Hear What the Silence Screams

Speak for yourself

Frank was seething, his cheeks burning pink as he let his head drop on to the web created by his crossed arms. Heat radiated from his face to his arms and warmed them. His back hunched up until his shoulders were up to his ears, and he just fucking wondered why none of the smart ass scientists he was always hearing about could make invisibility cloaks. They could make floating scooters for fat-asses so they wouldn't have to stand up and maybe get some exercise, but invisibility--which, seriously, would be such a better investment on their behalf, regarding the advancement of war tactics and all that shit, and maybe Frank should just stop now before he really gets off into one of his tangents about how shitty the whole country was--was still as foreign an idea as jetpacks and hyperbolic time chambers.

So not fair. Both of those items would be immensely helpful to everyone involved, but no, fat people are more important. Frank rolled his eyes and tried not to growl too loudly.
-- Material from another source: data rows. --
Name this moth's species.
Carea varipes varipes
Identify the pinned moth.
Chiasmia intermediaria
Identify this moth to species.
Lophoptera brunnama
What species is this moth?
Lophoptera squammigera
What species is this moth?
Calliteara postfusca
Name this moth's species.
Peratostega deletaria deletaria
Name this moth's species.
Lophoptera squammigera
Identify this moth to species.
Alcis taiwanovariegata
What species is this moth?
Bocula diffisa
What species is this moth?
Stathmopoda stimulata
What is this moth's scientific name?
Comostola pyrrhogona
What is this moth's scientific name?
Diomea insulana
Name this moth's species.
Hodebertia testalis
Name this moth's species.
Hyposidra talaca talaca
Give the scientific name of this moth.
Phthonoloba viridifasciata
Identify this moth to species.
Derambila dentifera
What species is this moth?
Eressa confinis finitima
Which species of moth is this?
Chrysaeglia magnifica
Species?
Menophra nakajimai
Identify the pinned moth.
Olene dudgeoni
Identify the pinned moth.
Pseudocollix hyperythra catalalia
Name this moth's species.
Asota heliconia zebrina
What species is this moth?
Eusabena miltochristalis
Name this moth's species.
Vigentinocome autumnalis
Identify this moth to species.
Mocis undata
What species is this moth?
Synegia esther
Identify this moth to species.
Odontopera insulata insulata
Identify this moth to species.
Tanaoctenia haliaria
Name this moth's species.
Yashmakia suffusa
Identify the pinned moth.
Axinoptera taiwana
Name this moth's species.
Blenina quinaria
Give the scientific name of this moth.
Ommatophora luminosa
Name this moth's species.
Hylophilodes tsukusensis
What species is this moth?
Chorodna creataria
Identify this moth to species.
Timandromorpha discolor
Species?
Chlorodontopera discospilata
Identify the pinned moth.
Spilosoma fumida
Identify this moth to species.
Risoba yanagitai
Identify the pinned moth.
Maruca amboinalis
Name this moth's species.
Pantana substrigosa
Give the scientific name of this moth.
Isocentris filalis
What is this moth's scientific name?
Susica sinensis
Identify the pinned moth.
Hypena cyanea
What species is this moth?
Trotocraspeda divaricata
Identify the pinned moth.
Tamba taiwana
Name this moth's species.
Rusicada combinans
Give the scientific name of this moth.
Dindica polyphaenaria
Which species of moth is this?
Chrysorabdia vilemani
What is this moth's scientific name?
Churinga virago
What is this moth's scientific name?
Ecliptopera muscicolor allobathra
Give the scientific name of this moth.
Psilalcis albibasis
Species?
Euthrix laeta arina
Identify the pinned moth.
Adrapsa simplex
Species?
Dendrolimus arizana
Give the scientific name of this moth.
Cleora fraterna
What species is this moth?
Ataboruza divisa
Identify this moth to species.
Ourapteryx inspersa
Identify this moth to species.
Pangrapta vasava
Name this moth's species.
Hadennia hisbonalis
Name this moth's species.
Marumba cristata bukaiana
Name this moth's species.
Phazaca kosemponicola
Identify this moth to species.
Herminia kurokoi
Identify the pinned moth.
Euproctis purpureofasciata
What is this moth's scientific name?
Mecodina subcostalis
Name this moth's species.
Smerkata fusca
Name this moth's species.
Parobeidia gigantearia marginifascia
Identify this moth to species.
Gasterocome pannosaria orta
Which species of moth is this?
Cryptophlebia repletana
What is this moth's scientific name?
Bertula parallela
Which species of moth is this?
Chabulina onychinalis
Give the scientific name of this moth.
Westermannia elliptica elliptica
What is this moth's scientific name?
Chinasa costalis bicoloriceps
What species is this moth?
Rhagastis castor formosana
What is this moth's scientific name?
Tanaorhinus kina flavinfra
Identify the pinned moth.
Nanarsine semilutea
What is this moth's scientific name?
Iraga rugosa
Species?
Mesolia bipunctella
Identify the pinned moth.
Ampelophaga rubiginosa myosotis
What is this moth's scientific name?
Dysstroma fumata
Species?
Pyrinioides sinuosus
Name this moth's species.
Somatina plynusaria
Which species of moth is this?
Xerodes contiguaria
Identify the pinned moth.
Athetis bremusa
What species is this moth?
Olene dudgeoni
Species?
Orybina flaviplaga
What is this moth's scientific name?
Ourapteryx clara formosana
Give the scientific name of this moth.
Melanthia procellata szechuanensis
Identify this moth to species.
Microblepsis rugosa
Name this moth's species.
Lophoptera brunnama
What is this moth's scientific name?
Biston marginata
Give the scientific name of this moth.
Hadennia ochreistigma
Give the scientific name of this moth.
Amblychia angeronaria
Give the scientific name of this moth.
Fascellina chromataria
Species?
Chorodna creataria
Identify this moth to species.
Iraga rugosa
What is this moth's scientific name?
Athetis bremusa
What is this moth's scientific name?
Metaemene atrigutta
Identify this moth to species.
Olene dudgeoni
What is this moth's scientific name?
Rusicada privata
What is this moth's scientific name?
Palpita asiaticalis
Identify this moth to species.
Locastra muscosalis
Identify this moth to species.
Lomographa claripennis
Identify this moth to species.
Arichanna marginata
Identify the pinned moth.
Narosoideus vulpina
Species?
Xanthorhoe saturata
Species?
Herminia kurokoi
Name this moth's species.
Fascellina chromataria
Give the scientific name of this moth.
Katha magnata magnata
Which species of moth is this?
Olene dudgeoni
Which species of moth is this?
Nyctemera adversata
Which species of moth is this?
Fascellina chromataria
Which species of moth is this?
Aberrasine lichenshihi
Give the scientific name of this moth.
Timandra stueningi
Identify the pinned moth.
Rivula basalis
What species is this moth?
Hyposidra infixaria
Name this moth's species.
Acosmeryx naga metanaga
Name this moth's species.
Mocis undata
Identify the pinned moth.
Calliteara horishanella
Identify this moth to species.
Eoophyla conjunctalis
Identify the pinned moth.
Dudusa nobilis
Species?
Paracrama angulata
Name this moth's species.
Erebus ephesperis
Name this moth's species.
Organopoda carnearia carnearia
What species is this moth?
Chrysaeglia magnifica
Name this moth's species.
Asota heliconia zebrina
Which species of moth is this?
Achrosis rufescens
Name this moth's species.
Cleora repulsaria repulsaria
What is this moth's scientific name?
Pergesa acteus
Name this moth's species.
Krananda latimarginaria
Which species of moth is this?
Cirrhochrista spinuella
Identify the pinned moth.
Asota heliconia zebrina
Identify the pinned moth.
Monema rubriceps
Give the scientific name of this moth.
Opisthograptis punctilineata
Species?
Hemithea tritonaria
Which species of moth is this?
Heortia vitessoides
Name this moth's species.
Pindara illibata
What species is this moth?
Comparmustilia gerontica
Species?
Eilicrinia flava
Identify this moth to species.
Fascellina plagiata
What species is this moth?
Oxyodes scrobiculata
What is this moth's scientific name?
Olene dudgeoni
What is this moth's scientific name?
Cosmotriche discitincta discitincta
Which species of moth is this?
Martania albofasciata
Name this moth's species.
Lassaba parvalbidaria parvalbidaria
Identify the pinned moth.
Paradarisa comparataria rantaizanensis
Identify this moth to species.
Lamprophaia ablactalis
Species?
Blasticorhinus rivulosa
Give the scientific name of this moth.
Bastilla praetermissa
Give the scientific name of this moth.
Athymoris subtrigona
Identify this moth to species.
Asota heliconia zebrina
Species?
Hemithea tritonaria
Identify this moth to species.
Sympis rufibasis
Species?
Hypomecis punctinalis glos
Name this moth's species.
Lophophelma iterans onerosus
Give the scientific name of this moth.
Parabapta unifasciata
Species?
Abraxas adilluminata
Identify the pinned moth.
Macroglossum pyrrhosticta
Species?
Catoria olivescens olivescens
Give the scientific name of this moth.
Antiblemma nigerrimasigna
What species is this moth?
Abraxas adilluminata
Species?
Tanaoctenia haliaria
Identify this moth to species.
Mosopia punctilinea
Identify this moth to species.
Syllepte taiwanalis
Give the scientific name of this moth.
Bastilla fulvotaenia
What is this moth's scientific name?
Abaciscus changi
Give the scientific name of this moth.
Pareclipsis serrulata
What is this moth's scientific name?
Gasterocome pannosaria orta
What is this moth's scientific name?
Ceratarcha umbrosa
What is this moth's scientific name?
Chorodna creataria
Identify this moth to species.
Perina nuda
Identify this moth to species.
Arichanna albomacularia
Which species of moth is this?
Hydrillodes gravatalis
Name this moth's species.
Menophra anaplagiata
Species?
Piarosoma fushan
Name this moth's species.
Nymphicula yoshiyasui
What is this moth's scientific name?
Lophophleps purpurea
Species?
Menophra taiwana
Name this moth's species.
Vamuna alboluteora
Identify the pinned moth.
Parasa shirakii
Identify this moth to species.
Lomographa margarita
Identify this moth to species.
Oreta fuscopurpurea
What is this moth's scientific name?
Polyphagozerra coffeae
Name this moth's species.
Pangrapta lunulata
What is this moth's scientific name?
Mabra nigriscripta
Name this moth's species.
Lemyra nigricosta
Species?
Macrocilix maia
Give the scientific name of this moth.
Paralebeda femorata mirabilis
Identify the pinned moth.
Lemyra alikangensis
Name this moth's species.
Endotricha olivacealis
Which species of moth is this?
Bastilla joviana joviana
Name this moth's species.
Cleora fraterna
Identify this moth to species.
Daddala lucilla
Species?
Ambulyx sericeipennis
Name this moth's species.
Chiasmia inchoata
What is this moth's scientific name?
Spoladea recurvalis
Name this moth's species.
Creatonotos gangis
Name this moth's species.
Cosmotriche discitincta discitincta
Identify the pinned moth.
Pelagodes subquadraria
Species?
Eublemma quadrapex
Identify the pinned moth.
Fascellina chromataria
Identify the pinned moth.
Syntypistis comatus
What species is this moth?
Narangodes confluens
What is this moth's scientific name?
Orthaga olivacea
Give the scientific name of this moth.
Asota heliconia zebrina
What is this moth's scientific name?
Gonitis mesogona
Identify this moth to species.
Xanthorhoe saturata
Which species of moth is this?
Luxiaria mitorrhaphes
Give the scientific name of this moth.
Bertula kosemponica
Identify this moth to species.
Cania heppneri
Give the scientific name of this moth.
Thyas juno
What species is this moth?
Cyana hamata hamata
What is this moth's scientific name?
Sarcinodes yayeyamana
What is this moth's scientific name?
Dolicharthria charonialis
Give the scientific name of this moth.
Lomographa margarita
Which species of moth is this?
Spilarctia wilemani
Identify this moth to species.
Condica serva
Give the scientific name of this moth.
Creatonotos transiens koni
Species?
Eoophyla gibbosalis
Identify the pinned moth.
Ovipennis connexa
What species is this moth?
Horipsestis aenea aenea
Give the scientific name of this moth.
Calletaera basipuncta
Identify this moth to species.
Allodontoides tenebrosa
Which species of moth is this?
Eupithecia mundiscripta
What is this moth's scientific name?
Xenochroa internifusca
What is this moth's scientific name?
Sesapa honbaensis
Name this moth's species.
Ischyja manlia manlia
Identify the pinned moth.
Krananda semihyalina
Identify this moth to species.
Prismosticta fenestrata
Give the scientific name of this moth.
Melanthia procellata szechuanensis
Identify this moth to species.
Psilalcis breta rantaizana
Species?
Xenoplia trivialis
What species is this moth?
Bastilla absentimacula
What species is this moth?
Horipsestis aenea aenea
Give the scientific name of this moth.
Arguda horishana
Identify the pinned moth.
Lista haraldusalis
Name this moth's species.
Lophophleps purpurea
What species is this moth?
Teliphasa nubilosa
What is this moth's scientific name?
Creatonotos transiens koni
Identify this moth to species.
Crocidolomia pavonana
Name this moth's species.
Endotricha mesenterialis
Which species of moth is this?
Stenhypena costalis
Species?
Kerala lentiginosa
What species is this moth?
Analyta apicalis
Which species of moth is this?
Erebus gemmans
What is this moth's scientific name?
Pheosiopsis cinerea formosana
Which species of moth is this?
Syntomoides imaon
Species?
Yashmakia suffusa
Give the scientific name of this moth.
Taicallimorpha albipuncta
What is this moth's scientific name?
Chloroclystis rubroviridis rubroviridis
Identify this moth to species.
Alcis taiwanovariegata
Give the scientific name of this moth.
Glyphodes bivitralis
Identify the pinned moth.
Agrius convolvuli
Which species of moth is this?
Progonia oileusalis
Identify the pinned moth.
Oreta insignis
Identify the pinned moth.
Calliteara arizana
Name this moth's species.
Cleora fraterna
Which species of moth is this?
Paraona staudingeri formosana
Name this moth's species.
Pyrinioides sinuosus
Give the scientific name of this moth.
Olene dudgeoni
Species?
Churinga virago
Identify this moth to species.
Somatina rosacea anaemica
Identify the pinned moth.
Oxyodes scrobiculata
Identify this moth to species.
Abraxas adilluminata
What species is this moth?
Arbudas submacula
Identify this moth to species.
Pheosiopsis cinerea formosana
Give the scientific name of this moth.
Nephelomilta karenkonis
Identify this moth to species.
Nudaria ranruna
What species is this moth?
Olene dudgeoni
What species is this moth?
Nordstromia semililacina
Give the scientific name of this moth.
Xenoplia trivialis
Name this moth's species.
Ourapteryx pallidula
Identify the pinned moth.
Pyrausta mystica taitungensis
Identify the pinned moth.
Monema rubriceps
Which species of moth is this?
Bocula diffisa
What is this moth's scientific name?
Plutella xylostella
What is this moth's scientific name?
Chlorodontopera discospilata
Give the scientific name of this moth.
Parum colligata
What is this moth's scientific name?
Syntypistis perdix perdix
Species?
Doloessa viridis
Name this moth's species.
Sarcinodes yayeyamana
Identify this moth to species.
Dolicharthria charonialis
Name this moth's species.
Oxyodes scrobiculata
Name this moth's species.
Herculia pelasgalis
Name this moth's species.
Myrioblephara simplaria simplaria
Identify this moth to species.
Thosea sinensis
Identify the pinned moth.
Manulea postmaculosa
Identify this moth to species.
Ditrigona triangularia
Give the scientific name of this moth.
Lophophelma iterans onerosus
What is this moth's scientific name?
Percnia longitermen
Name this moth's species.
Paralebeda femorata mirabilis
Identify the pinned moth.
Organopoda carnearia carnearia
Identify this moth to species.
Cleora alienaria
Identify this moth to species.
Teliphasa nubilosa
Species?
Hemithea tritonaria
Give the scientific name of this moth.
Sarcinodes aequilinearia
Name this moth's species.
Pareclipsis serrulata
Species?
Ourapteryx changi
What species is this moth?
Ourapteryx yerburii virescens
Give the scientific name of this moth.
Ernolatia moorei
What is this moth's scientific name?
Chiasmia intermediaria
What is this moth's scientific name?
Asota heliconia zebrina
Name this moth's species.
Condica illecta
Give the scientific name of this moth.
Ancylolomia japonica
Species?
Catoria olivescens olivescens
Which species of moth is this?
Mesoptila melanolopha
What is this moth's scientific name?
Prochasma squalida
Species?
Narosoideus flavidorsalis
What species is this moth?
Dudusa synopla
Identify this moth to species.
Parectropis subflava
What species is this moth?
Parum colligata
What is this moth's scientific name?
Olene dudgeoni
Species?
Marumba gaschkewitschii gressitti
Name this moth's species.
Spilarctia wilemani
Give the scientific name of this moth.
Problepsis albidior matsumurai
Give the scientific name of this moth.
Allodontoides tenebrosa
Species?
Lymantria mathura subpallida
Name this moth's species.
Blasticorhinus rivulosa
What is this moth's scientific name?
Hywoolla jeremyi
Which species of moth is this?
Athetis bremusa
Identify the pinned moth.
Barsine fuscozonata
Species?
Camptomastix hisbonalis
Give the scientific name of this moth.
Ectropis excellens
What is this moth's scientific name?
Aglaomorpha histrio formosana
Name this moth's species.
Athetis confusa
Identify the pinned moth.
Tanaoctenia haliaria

"Frank? What's wrong? Don't you know the answer? You do so well on the tests," Frank's math teacher--and the sole catalyst for his whole mind rant about invisibility--Mr. Harding said, a gleeful tilt to his voice.

Frank wasn't stupid. Or, well, sometimes he was, mainly when he was playing with lighters a little too close to gas stations, but for the most part he was pretty adept. Mr. Harding's ill-intent wasn't lost on him. Frank had some ideas that the man was pretty fucked up because, seriously, calling on the mute kid in the middle of class? Wasn't that a little less than PC? Or an exercise in futility, because mute spells out that no fucking answers will be coming from him, so he could just stand at the front of the fucking room with his fugly-ass comb over and pitiful attempt to look professional. Tweed, man, tweed and polyester is a no no. Not professional. Just sad.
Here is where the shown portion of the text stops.